### Problem
The records are to be copied from the line that contains "Numbers: x, y, z, sx, sy, sz, roll, pitch, yaw." through their last line, word for word, with every picture left out.

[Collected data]
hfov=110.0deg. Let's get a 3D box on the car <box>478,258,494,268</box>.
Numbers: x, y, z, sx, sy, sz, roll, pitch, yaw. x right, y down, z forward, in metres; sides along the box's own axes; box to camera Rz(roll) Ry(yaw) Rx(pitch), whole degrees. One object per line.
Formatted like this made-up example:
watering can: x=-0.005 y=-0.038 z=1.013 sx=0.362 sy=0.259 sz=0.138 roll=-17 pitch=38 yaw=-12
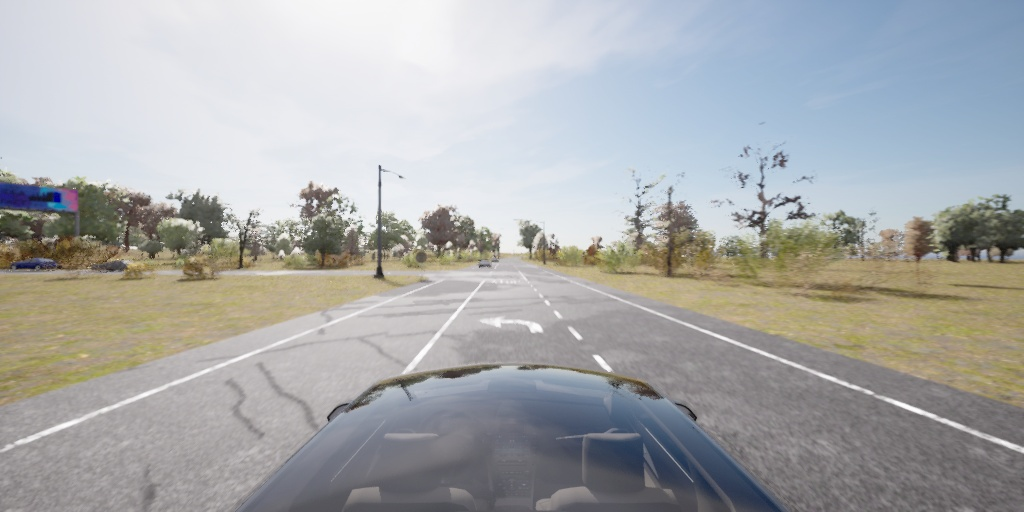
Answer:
car: x=-4.549 y=1.332 z=60.101 sx=1.994 sy=1.385 sz=4.181 roll=0 pitch=0 yaw=-1

### Reply
Numbers: x, y, z, sx, sy, sz, roll, pitch, yaw. x right, y down, z forward, in metres; sides along the box's own axes; box to camera Rz(roll) Ry(yaw) Rx(pitch), whole degrees. One object per line.
Formatted like this made-up example:
watering can: x=-0.005 y=-0.038 z=1.013 sx=0.362 sy=0.259 sz=0.138 roll=-17 pitch=38 yaw=-12
Answer:
car: x=-4.549 y=1.332 z=60.101 sx=1.994 sy=1.385 sz=4.181 roll=0 pitch=0 yaw=-1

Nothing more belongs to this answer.